DH and I had a bit of a drama yesterday but thankfully that's all sorted. I've just received the invitation to one of the fancy company brunches they hold through the post. It's plus one but there's not much point in the plus ones being there.
As a general rule DH and I sit with his friendship circle inside work. I can see why he's friends with them; similar interests, lifestyles, upbringings, etc. especially as he spends lots of time with them at his job. But the truth is they're, as a general rule, awful. Condescending, narrow-minded, elitist ... not to mention they can be downright rude.
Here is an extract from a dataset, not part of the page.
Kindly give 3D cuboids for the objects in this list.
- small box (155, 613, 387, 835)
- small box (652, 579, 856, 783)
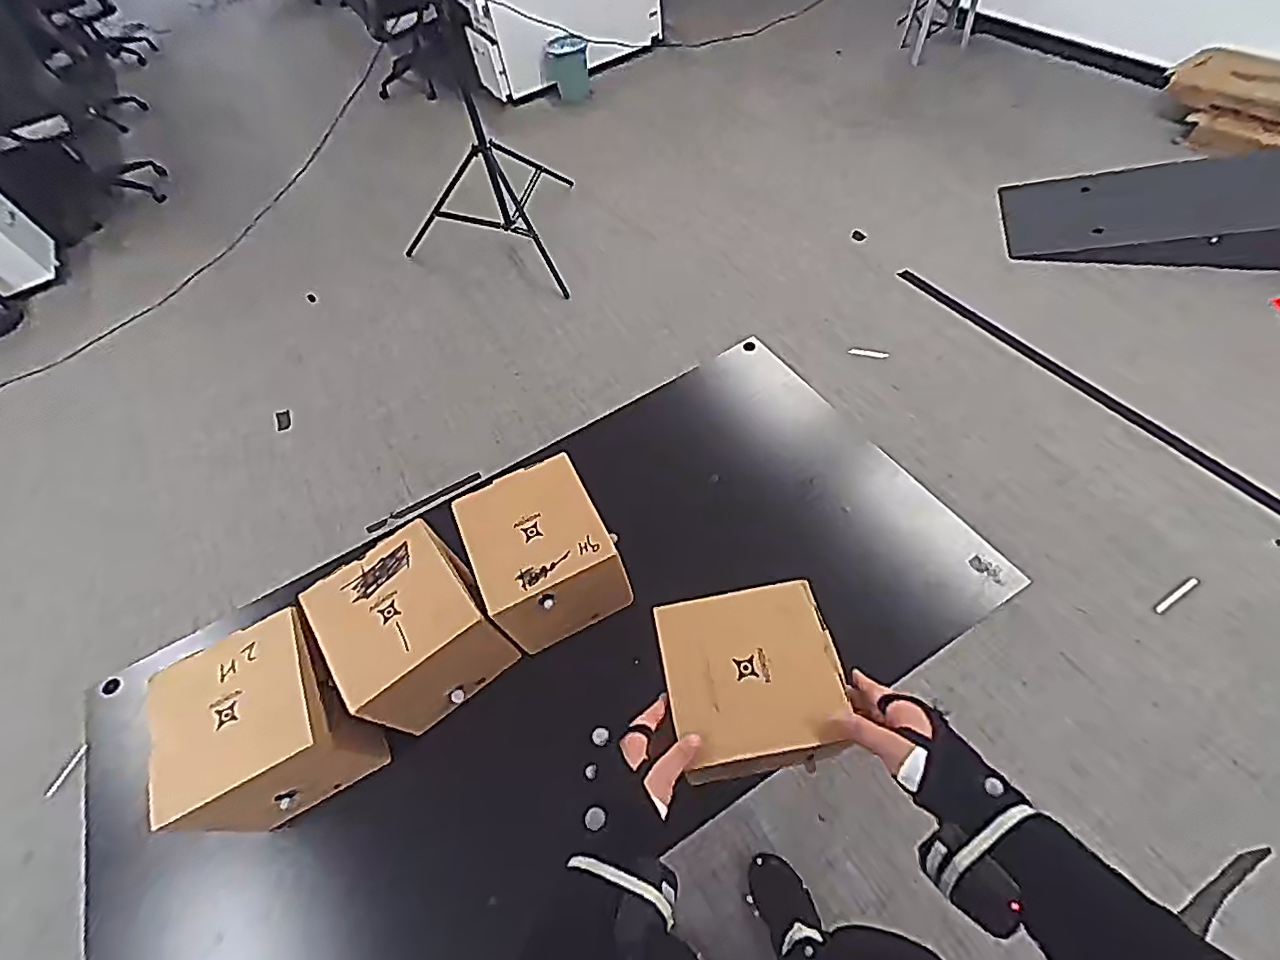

DH will of course defend me if necessary but he can't do anything about the fact that I just genuinely think they're for the most part horrible people.
Generally DH will discuss work with his team so the spouses tend to socialise with each other. (One guy that DH works with in particular finds it hilarious if anyone not in the company tries to contribute or even follow the conversation. He takes some weird pleasure in asking their opinions if they seem to be listening and then laughing. It's weird if you ask me but we tend to not get involved in their discussion for that reason or even listen to it.)
As a general rule I don't get on with the spouses of the rest of his friends at all. The two husbands stick to each other very closely and generally don't talk to the wives. Most of the women are very different to me and often unkind. DH and I have a slightly different dynamic in our marriage as well which they love to pick at. They are mostly SAHM or SAHW like me but a couple have had modelling careers in the past I think. They don't really see the point in me having a job (I work from home) and are frequently rude about my career. The one woman I get on with has a real dislike for them and they dislike her back, which means I've become very isolated from the group and often on the receiving end of snipes/jabs. However her wife is on maternity leave and as such she won't be there.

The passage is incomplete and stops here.